Few issues generate as much emotion and passion as gun control and gun rights. As with other issues where the emotional stakes are high (e.g., abortion and affirmative action), the arguments and judgments we make about guns often occur in a fog of rhetorical fallacies and misinformation.

Discussions about guns usually follow one of two courses. Dialogues among persons who share similar views—whether pro-rights or pro-control—tend to be smug, unchallenging events in which, rather than think critically about their own beliefs, many people are content to smear the other side with ad hominem labels such "gun nuts" or "gun phobes." Discussions about guns with persons of opposite views quickly turn into debates, often heated ones, in which the participants are much more concerned with persuasion than with listening to, and perhaps learning from, the other side.

Even most academic literature regarding firearms policy is one-sided "advocacy" scholarship. While partisan literature is common in other areas, what is striking about the gun debate is that many scholars have failed even to attempt a balanced analysis of the issues.

"Balance" is what makes this book unique. Balance was our goal from day one.
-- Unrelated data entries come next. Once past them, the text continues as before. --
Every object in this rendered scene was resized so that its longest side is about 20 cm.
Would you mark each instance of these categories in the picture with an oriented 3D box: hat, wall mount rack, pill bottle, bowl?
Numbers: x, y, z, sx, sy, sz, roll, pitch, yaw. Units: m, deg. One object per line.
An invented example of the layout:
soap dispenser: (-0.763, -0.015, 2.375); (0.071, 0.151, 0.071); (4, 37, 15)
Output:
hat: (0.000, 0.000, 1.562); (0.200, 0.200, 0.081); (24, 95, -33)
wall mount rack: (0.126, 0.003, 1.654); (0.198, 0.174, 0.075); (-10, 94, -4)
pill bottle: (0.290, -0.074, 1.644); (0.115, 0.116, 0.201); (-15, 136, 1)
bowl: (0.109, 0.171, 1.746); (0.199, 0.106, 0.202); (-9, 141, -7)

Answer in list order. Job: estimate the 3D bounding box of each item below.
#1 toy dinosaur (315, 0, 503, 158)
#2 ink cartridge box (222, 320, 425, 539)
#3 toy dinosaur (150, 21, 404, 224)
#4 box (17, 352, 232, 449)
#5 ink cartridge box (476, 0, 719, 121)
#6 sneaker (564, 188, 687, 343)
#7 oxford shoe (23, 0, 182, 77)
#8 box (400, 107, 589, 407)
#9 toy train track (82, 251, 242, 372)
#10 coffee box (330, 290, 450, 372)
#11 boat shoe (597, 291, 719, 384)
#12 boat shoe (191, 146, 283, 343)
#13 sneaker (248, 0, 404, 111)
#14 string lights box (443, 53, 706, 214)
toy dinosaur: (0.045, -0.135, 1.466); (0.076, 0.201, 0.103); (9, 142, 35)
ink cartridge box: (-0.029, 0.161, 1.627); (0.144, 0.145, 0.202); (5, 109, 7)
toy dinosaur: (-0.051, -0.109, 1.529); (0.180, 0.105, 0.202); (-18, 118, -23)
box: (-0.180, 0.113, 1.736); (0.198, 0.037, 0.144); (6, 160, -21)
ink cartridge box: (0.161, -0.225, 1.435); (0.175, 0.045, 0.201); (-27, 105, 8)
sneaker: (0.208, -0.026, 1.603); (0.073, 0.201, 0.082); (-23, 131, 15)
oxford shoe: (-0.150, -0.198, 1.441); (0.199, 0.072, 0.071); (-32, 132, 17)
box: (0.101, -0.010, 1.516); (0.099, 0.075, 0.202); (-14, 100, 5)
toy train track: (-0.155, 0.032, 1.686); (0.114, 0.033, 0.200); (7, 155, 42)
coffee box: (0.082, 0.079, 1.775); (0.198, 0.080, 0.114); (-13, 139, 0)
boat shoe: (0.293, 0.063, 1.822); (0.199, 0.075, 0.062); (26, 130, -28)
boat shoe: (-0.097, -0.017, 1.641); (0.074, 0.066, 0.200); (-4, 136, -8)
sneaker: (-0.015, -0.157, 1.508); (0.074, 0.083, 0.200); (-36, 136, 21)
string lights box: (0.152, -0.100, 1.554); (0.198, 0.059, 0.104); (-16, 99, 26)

We think we achieved it, not because we’re any wiser or less biased than other scholars in the area but because we compiled it together. We are in one sense an unlikely trio of co-authors. Kopel and Denning are strong supporters of gun rights. McClurg is an equally fervent supporter of gun control. Each of us has written extensively about guns, clearly staking out his position. Had any one of us attempted to write this book, it is doubtful he could have achieved true evenhandedness despite his best-faith efforts. Like everyone else involved in the debate, we are colored by our own values and beliefs.
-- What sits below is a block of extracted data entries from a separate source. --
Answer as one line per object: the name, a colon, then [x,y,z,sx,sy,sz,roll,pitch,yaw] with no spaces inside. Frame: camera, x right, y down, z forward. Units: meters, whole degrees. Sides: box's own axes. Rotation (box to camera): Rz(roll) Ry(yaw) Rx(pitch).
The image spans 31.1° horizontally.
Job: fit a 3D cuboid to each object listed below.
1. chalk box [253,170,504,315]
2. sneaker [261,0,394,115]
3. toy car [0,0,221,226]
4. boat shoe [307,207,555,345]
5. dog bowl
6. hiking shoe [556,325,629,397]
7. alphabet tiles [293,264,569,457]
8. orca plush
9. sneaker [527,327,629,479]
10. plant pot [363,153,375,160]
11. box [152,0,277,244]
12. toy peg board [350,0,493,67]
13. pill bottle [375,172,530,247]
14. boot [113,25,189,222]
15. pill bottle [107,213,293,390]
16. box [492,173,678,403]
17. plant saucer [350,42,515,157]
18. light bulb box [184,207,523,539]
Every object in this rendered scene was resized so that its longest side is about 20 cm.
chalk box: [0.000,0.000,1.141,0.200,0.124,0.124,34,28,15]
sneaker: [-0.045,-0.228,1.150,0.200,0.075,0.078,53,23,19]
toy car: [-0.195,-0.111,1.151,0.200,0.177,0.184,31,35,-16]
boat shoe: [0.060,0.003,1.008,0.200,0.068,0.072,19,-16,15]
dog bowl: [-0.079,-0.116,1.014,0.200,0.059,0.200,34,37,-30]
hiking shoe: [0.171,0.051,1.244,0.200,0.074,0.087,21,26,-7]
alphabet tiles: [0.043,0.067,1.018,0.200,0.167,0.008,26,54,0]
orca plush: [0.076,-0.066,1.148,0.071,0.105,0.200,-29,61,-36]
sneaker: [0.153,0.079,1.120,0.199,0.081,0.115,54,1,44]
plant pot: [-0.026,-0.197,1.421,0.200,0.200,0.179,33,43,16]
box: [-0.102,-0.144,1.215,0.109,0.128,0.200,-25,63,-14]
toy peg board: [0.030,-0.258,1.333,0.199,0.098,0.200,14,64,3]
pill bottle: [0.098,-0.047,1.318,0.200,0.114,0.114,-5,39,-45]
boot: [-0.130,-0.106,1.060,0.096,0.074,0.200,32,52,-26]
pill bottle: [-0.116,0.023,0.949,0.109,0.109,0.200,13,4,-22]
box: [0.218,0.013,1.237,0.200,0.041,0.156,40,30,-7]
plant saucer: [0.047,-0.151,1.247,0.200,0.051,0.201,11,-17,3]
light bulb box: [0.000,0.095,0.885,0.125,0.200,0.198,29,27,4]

We learned this lesson time and again during the writing process. Sending or receiving a chapter draft would set off a flurry of e-mailed additions, deletions, and alterations as we all worked hard at keeping one another honest. Sometimes a chapter would zip back and forth among the three of us several times in a single day. While it was frustrating at times to watch a sentence be rewritten ten times until everyone was satisfied with it, the tension in our opposing views generated intense creative energy. This energy helped us shape a firearms policy textbook that we believe is not only balanced but fresh, exciting, and stimulating. We hope you enjoy teaching and learning from this book as much as we enjoyed working on it.

Format and Teaching Tips

This text is designed to be user-friendly for both teachers and students. Because the book is intended for use in both law school and undergraduate courses, we took great care to ensure that legal principles are explained lucidly, in terms understandable by laypersons.

The book has six chapters. Each chapter addresses a broad issue in the gun control debate. Chapter 1 analyzes the benefits of guns to individuals and society; Chapter 2 assesses the costs of guns. We put these chapters first because of our belief that people’s views about gun control ultimately are grounded in their subjective weighing of the relative costs and benefits of firearms to individuals and society. Chapter 3 traces the early historical development of a right to bear arms in organized societies, providing a foundation for analyzing the three principal philosophical justifications offered in support of such a right: self-defense, defense against invasion, and defense against tyranny. Chapter 4 examines the controversial and misunderstood Second Amendment and similar state constitutional provisions and analyzes the extent to which legal restrictions on guns are or are not constitutional. Chapter 5 examines the disparate effects that guns and gun violence have on persons of different races, sexes, classes, and cultures. Chapter 6 addresses an issue that, while relatively new in the gun control debate, has generated intense controversy and attention: attempts to use our system of civil tort law—or "personal injury" law—to seek redress for victims of firearms violence and, ultimately, to change the course of firearms policy in the United States. This chapter is a fitting one with which to close the book because it presents for consideration many of the specific modern proposals sought by gun control advocates for regulating guns, such as changes in firearm design and in the distribution and marketing practices of gun manufacturers.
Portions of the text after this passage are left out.